===== RECORD EXTRACTS =====
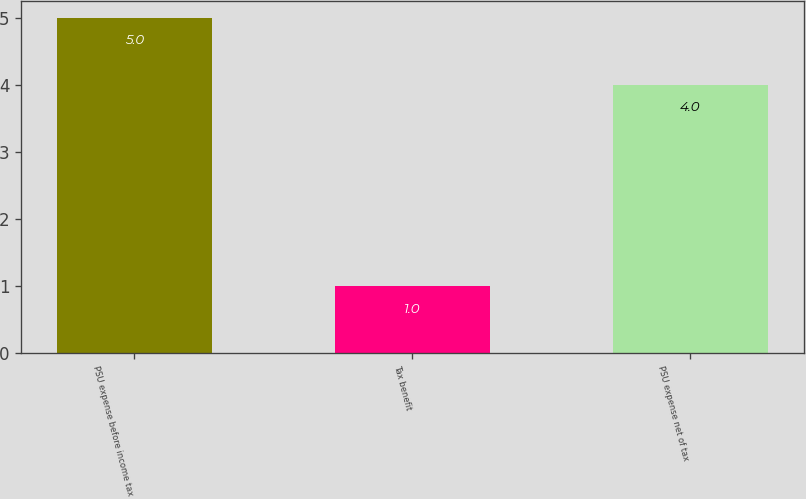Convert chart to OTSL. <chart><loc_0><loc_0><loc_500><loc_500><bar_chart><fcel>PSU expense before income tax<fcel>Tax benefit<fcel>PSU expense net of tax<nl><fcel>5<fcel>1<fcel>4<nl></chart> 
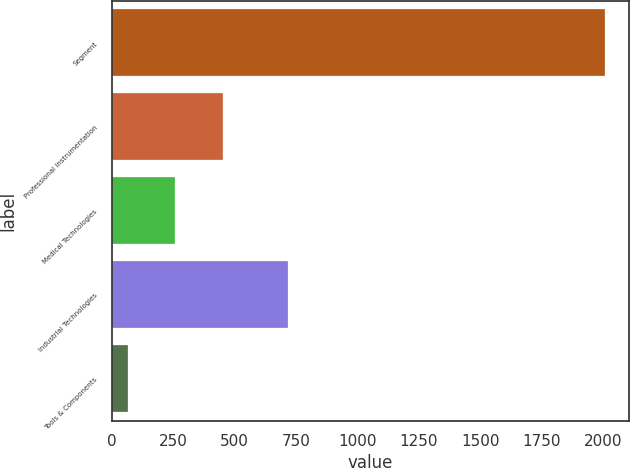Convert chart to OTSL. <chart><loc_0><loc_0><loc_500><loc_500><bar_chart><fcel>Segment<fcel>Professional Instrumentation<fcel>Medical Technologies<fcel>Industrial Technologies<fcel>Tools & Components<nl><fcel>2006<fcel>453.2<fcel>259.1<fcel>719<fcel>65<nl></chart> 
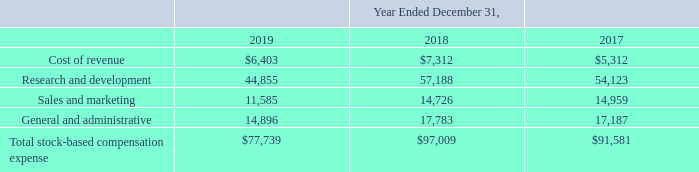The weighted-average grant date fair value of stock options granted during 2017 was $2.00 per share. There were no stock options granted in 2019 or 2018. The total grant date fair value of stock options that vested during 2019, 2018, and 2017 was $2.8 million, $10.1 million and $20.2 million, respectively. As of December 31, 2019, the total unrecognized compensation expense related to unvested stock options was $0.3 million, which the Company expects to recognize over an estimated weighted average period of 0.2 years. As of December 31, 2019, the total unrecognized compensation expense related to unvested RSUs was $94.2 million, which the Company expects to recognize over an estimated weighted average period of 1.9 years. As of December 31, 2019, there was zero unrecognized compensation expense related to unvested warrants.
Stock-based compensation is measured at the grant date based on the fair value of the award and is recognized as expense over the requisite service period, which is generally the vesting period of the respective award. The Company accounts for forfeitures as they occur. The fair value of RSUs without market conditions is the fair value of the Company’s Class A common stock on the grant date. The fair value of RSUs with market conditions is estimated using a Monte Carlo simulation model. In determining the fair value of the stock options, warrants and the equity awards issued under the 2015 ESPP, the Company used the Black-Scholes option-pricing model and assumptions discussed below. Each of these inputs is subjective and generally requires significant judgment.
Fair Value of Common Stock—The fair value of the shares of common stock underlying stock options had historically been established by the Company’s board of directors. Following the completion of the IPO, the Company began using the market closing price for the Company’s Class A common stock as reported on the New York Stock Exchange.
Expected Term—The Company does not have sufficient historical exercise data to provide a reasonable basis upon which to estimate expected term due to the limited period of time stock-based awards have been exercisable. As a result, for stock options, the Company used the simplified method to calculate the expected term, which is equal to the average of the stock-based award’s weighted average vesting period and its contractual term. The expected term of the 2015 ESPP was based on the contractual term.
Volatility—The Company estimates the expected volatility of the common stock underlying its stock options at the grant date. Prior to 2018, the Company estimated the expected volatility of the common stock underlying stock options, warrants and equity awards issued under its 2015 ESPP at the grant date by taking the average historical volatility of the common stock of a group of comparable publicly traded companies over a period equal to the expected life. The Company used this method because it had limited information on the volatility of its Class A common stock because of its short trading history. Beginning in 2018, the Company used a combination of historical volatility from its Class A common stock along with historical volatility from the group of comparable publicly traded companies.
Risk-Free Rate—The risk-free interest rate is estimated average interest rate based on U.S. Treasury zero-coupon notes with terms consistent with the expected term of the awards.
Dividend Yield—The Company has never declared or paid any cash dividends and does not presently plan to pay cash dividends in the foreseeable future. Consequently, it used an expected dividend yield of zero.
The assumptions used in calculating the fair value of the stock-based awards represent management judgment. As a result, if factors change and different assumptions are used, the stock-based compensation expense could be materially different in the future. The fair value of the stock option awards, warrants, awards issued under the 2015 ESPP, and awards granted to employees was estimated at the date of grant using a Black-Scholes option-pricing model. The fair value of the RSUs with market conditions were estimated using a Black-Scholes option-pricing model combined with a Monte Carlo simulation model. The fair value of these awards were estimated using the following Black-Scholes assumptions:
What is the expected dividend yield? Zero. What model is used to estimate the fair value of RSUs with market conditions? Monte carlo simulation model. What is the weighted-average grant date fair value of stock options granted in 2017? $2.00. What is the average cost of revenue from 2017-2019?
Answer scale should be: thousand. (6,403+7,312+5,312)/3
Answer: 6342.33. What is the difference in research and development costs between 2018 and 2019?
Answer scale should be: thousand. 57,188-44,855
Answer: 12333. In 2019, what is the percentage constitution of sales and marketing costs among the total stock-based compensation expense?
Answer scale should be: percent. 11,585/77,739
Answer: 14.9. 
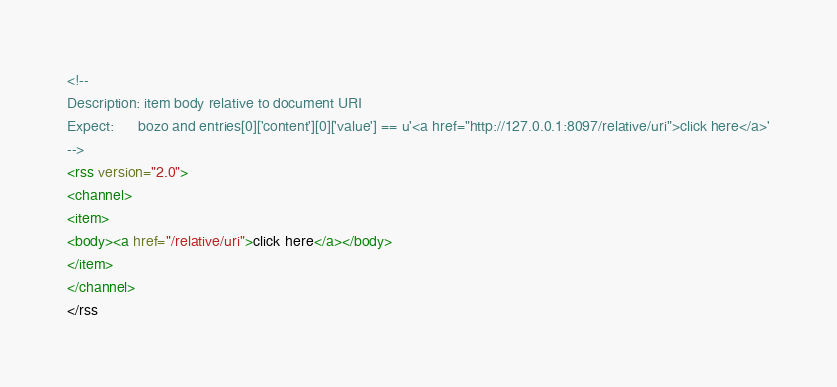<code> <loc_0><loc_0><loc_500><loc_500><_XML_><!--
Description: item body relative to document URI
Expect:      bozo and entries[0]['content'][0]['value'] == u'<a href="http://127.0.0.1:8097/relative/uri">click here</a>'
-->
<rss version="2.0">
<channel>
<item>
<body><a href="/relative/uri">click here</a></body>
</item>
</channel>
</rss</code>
=====
Reproduce the entries exactly. Do not carry over any picture.

[TASK RESPONSE]
Convert chart to OTSL. <chart><loc_0><loc_0><loc_500><loc_500><bar_chart><fcel>PSU expense before income tax<fcel>Tax benefit<fcel>PSU expense net of tax<nl><fcel>5<fcel>1<fcel>4<nl></chart> 
Convert chart to OTSL. <chart><loc_0><loc_0><loc_500><loc_500><bar_chart><fcel>Segment<fcel>Professional Instrumentation<fcel>Medical Technologies<fcel>Industrial Technologies<fcel>Tools & Components<nl><fcel>2006<fcel>453.2<fcel>259.1<fcel>719<fcel>65<nl></chart> 
The weighted-average grant date fair value of stock options granted during 2017 was $2.00 per share. There were no stock options granted in 2019 or 2018. The total grant date fair value of stock options that vested during 2019, 2018, and 2017 was $2.8 million, $10.1 million and $20.2 million, respectively. As of December 31, 2019, the total unrecognized compensation expense related to unvested stock options was $0.3 million, which the Company expects to recognize over an estimated weighted average period of 0.2 years. As of December 31, 2019, the total unrecognized compensation expense related to unvested RSUs was $94.2 million, which the Company expects to recognize over an estimated weighted average period of 1.9 years. As of December 31, 2019, there was zero unrecognized compensation expense related to unvested warrants.
Stock-based compensation is measured at the grant date based on the fair value of the award and is recognized as expense over the requisite service period, which is generally the vesting period of the respective award. The Company accounts for forfeitures as they occur. The fair value of RSUs without market conditions is the fair value of the Company’s Class A common stock on the grant date. The fair value of RSUs with market conditions is estimated using a Monte Carlo simulation model. In determining the fair value of the stock options, warrants and the equity awards issued under the 2015 ESPP, the Company used the Black-Scholes option-pricing model and assumptions discussed below. Each of these inputs is subjective and generally requires significant judgment.
Fair Value of Common Stock—The fair value of the shares of common stock underlying stock options had historically been established by the Company’s board of directors. Following the completion of the IPO, the Company began using the market closing price for the Company’s Class A common stock as reported on the New York Stock Exchange.
Expected Term—The Company does not have sufficient historical exercise data to provide a reasonable basis upon which to estimate expected term due to the limited period of time stock-based awards have been exercisable. As a result, for stock options, the Company used the simplified method to calculate the expected term, which is equal to the average of the stock-based award’s weighted average vesting period and its contractual term. The expected term of the 2015 ESPP was based on the contractual term.
Volatility—The Company estimates the expected volatility of the common stock underlying its stock options at the grant date. Prior to 2018, the Company estimated the expected volatility of the common stock underlying stock options, warrants and equity awards issued under its 2015 ESPP at the grant date by taking the average historical volatility of the common stock of a group of comparable publicly traded companies over a period equal to the expected life. The Company used this method because it had limited information on the volatility of its Class A common stock because of its short trading history. Beginning in 2018, the Company used a combination of historical volatility from its Class A common stock along with historical volatility from the group of comparable publicly traded companies.
Risk-Free Rate—The risk-free interest rate is estimated average interest rate based on U.S. Treasury zero-coupon notes with terms consistent with the expected term of the awards.
Dividend Yield—The Company has never declared or paid any cash dividends and does not presently plan to pay cash dividends in the foreseeable future. Consequently, it used an expected dividend yield of zero.
The assumptions used in calculating the fair value of the stock-based awards represent management judgment. As a result, if factors change and different assumptions are used, the stock-based compensation expense could be materially different in the future. The fair value of the stock option awards, warrants, awards issued under the 2015 ESPP, and awards granted to employees was estimated at the date of grant using a Black-Scholes option-pricing model. The fair value of the RSUs with market conditions were estimated using a Black-Scholes option-pricing model combined with a Monte Carlo simulation model. The fair value of these awards were estimated using the following Black-Scholes assumptions:
What is the expected dividend yield? Zero. What model is used to estimate the fair value of RSUs with market conditions? Monte carlo simulation model. What is the weighted-average grant date fair value of stock options granted in 2017? $2.00. What is the average cost of revenue from 2017-2019?
Answer scale should be: thousand. (6,403+7,312+5,312)/3
Answer: 6342.33. What is the difference in research and development costs between 2018 and 2019?
Answer scale should be: thousand. 57,188-44,855
Answer: 12333. In 2019, what is the percentage constitution of sales and marketing costs among the total stock-based compensation expense?
Answer scale should be: percent. 11,585/77,739
Answer: 14.9. 
<code> <loc_0><loc_0><loc_500><loc_500><_XML_><!--
Description: item body relative to document URI
Expect:      bozo and entries[0]['content'][0]['value'] == u'<a href="http://127.0.0.1:8097/relative/uri">click here</a>'
-->
<rss version="2.0">
<channel>
<item>
<body><a href="/relative/uri">click here</a></body>
</item>
</channel>
</rss</code>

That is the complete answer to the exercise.